(Fotos: Divulgação/Marco Netto)
Cia. da Ação! Teatro! Dança está acostumada a levar à cena
espetáculos de teatro-dança baseados em estética ritualista e mitologia
"O Marinheiro", de Fernando Pessoa, estreia nesta sexta-feira, 7, no Espaço Z, em Resende, e cumpre temporada até dia 23, de sexta a domingo, sempre às 21h. O preço promocional dos ingressos é R$ 10 e podem ser adquiridos no próprio local. A peça completa 100 anos em outubro e é a mais importante representante do "teatro estático", movimento inventado pelo poeta genial, dentro da estética simbolista.
A Cia. da Ação! Teatro!
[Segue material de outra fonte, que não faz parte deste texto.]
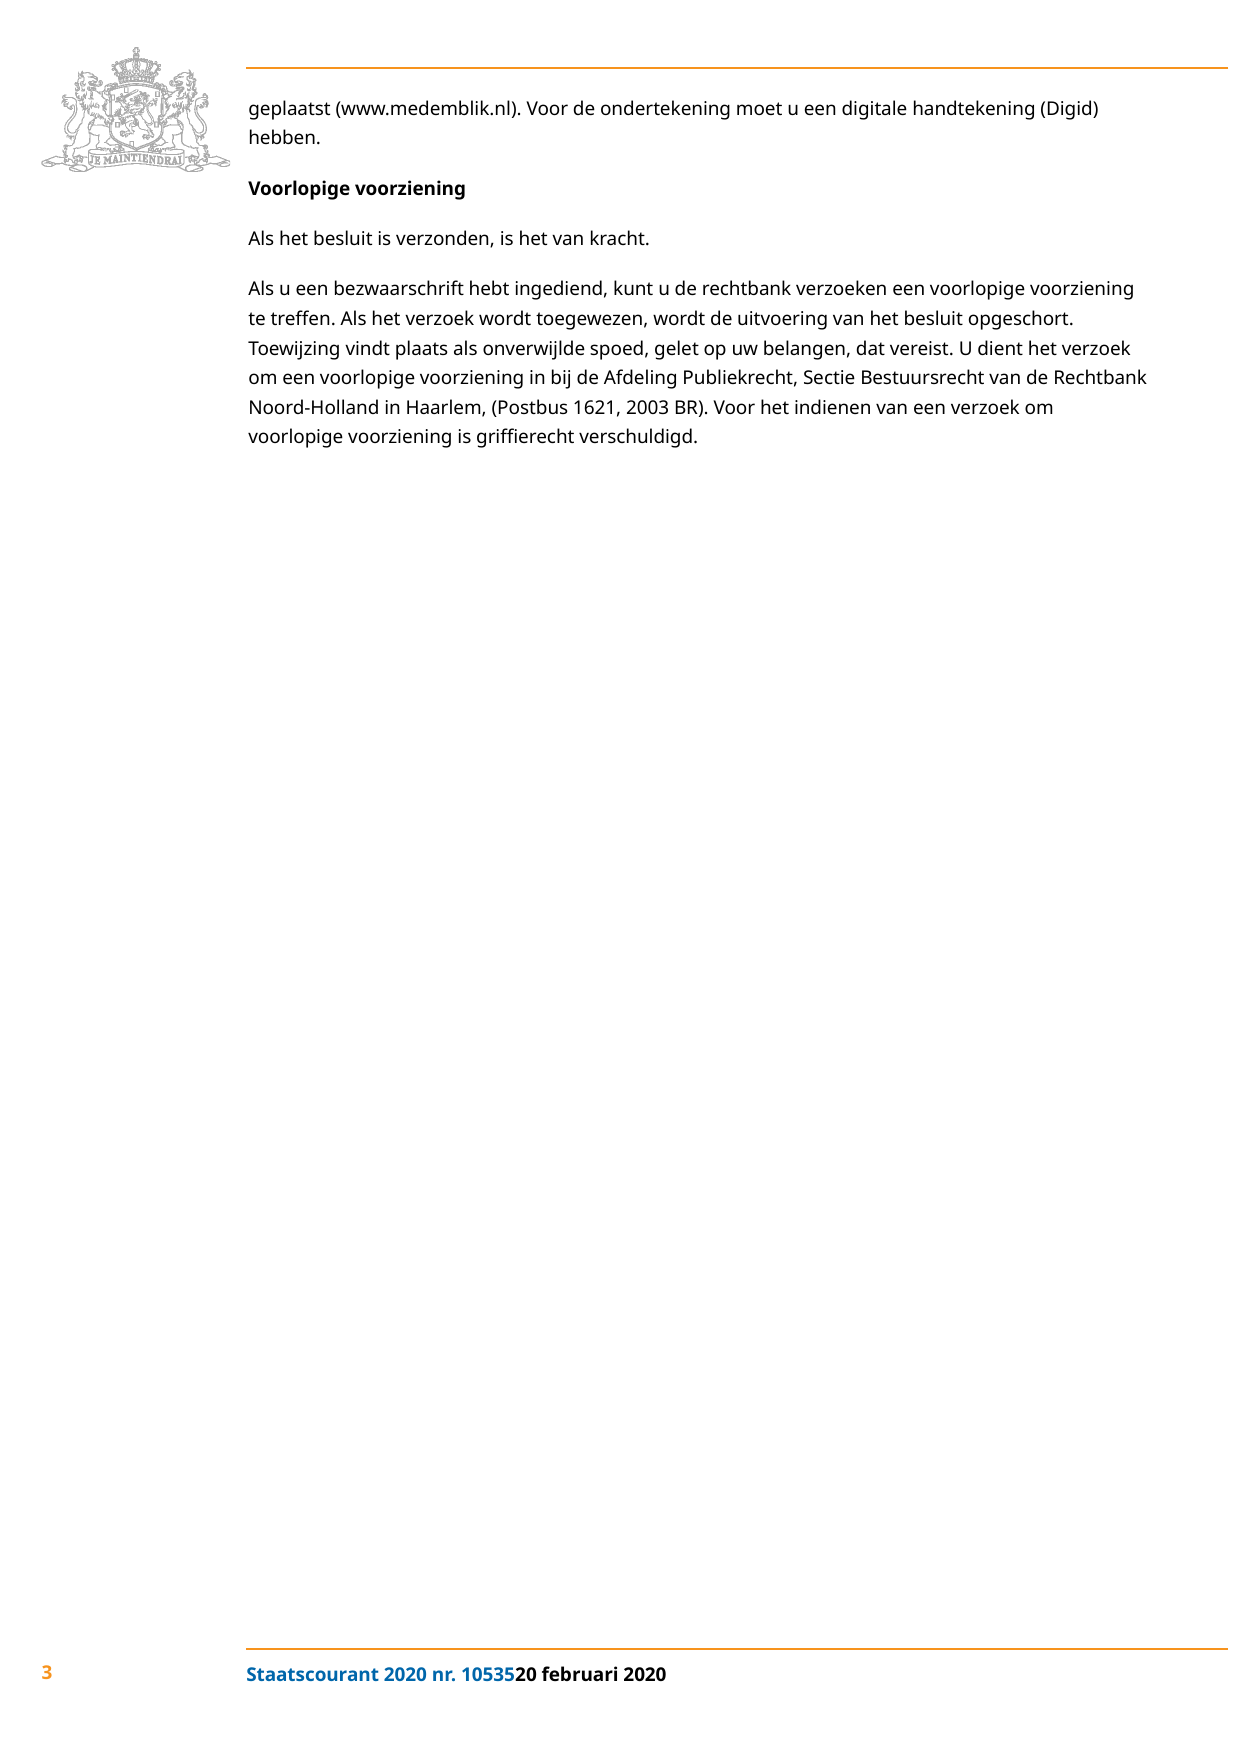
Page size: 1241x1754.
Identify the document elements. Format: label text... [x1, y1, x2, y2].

text Als het besluit is verzonden, is het van kracht. [248, 225, 1152, 251]
picture [41, 47, 231, 172]
text geplaatst (www.medemblik.nl). Voor de ondertekening moet u een digitale handtekening (Digid) hebben. [248, 95, 1152, 150]
text Voorlopige voorziening [248, 175, 1152, 201]
text Als u een bezwaarschrift hebt ingediend, kunt u de rechtbank verzoeken een voorlopige voorziening te treffen. Als het verzoek wordt toegewezen, wordt de uitvoering van het besluit opgeschort. Toewijzing vindt plaats als onverwijlde spoed, gelet op uw belangen, dat vereist. U dient het verzoek om een voorlopige voorziening in bij de Afdeling Publiekrecht, Sectie Bestuursrecht van de Rechtbank Noord-Holland in Haarlem, (Postbus 1621, 2003 BR). Voor het indienen van een verzoek om voorlopige voorziening is griffierecht verschuldigd. [248, 276, 1152, 449]

Dança, acostumada a levar à cena espetáculos de teatro-dança baseados em estética ritualista e mitologia, percebeu nesse texto de Pessoa uma imensa possibilidade de celebrar a vida por meio da abordagem da iminência da morte. Essa dualidade entre morte/vida, claro/escuro, sonho/realidade é o assunto primordial da dança butoh - pesquisada pela companhia - e da técnica afro-butoh, desenvolvida por Calé Miranda, seu diretor.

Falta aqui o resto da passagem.